Is the set of coefficients connected for monic polynomial with roots bounded by some interval? Suppose we have a monic polynomial with real coefficients
\begin{align*}
p(x) = x^n + \alpha_{n-1} x^{n-1} + \dots + \alpha_1 x + \alpha_0.
\end{align*}
Let $M > 0$ be some fixed real number and let
\begin{align*}
  E = \{ (\alpha_{n-1}, \dots, \alpha_0)^T: \text{modulus of roots of } p(x) \text{ lie in } (-M, M)\}. 
\end{align*}
Is $E$ a connected set considered as a subset of $\mathbb R^n$? Intuitively, it should be so since the roots continuously depend on the coefficients.
 A: Answer: $E$ is connected.  
Proof:  Let $\Delta$ denote the set $\left\{z \in \mathbb{C} : |z| < M \text{ and } \Im(z) \geq 0 \right\}$ - which is connected.

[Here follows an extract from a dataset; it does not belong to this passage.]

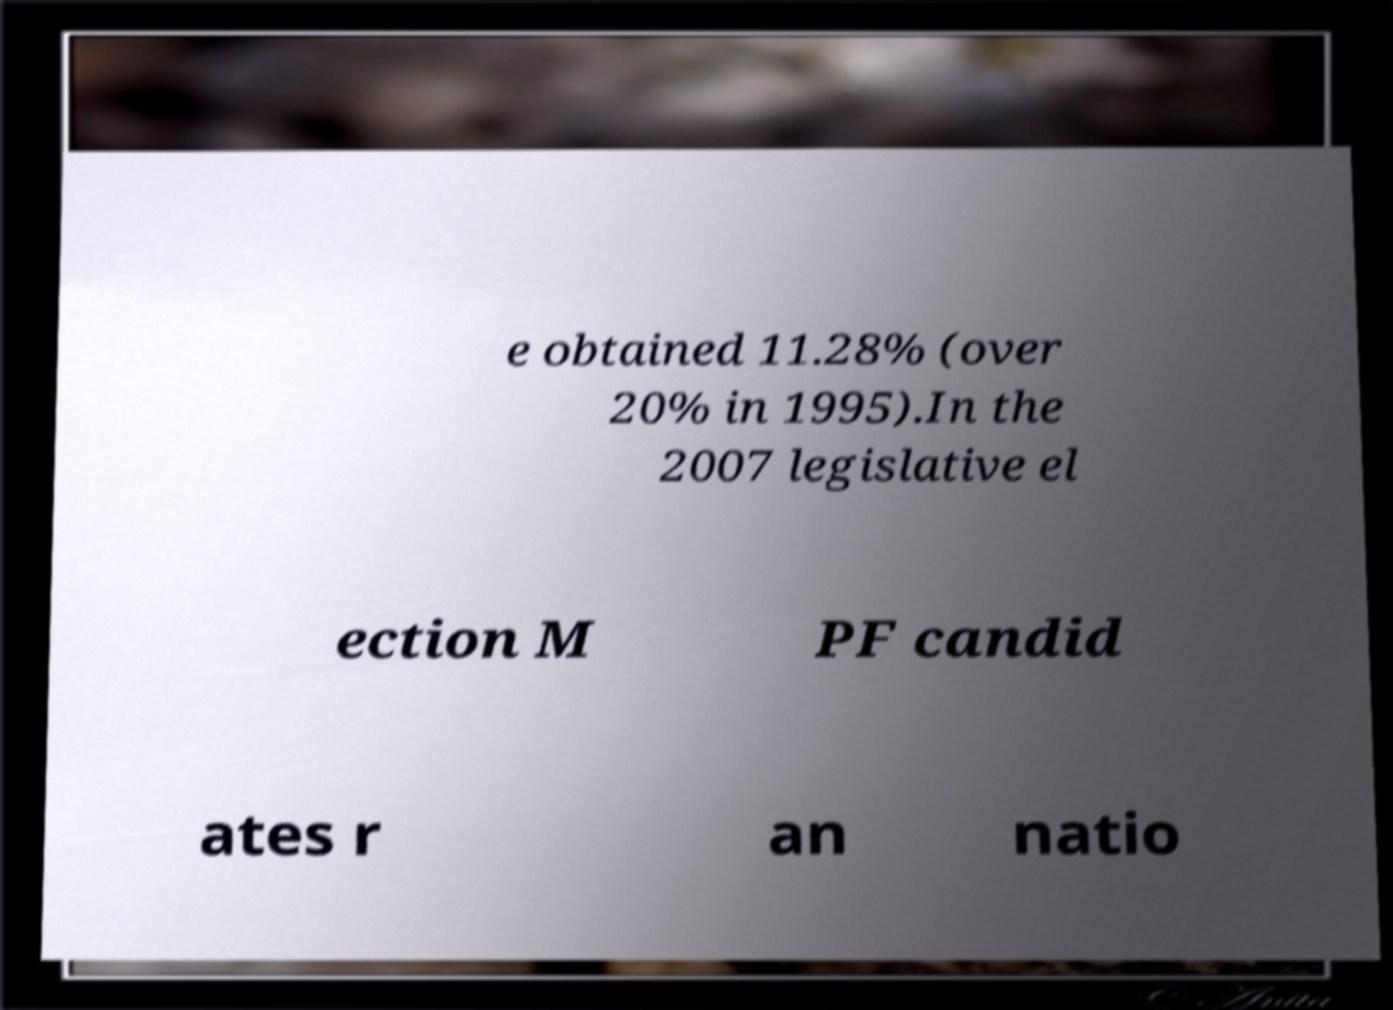I need the written content from this picture converted into text. Can you do that? e obtained 11.28% (over 20% in 1995).In the 2007 legislative el ection M PF candid ates r an natio

Now, for $0 \leq k \leq \lfloor \frac{n}{2} \rfloor$, let $\Gamma_{k}$ denote the image of $\Delta^{k} \times (-M, M)^{n -2 k}$ by the continuous function $f_{k} : \mathbb{C}^{k} \times \mathbb{C}^{n -2 k} \rightarrow \mathbb{C}^{n}$ defined by $$f_{k}\left(\alpha_{1}, ..., \alpha_{k}, \beta_{1}, ..., \beta_{n -2 k}\right) = \left(\alpha_{1}, \overline{\alpha_{1}}, ..., \alpha_{k}, \overline{\alpha_{k}}, \beta_{1}, ..., \beta_{n -2 k}\right)$$
Then, for every integer $0 \leq k \leq \lfloor \frac{n}{2} \rfloor$, the set $\Gamma_{k}$ is connected and contains $(-M, M)^{n}$.
It follows that the set $$\Gamma = \bigcup_{k = 0}^{\lfloor \frac{n}{2} \rfloor} \Gamma_{k}$$ is connected.

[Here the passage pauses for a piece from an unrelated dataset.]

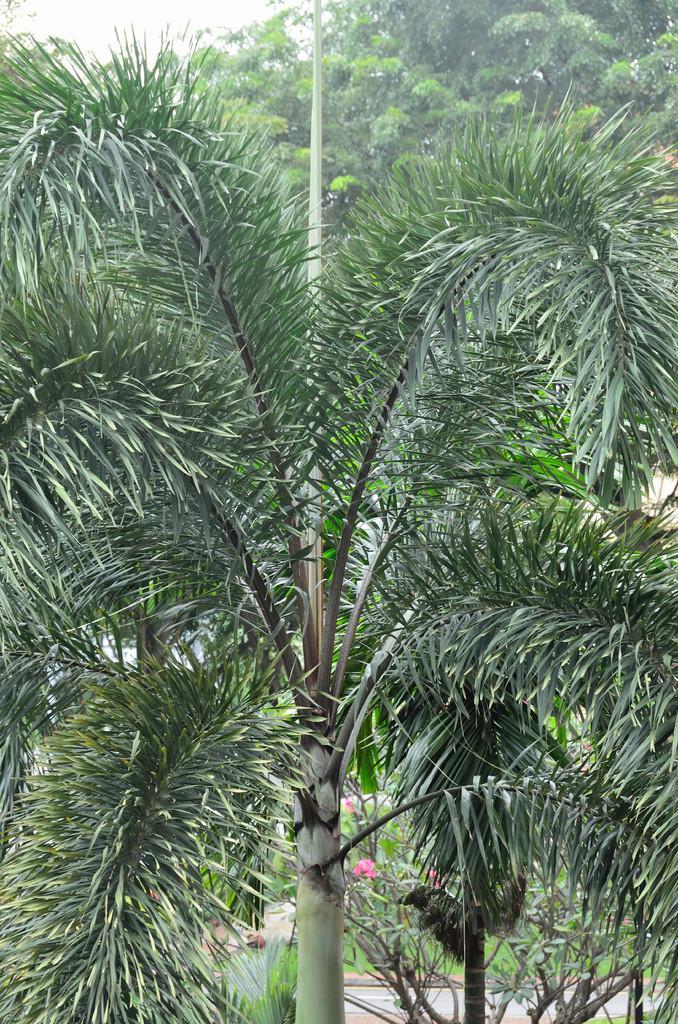Describe this image in one or two sentences. In this image I can see a tree which is green in color. I can see few plants and few flowers which are pink in color. I can see few trees and the sky in the background.

Thus, the set $$E = \left\{ \left(a_{0}, ..., a_{n -1}\right) \in \mathbb{R}^{n} : \text{ all the roots of } x^{n} +\sum_{k = 0}^{n -1} a_{k} x^{k} \in \mathbb{R}[x] \text{ have modulus } < M \right\}$$ - which is the image of $\Gamma$ by the continuous function $g : \mathbb{C}^{n} \rightarrow \mathbb{C}^{n}$ defined by $$g\left(x_{1}, ..., x_{n}\right) = \left( (-1)^{n -k} \sum_{1 \leq i_{1} < ... < i_{n -k} \leq n} x_{i_{1}} ... x_{i_{n -k}} \right)_{0 \leq k \leq n -1}$$ - is connected.  

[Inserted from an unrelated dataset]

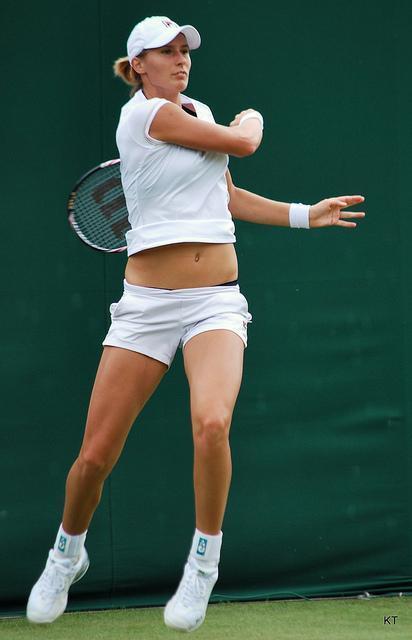How many cows are laying down?
Give a very brief answer. 0. 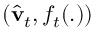Convert formula to latex. <formula><loc_0><loc_0><loc_500><loc_500>( \widehat { v } _ { t } , f _ { t } ( . ) )</formula>

P.S: The image of $\left\{ z \in \mathbb{C} : |z| < M\right\}^{n}$ by the function $g$ is the set $$\left\{ \left(a_{0}, ..., a_{n -1}\right) \in \mathbb{C}^{n} : \text{ all the roots of } x^{n} +\sum_{k = 0}^{n -1} a_{k} x^{k} \in \mathbb{C}[x] \text{ have modulus } < M \right\}$$ which is different from $E$.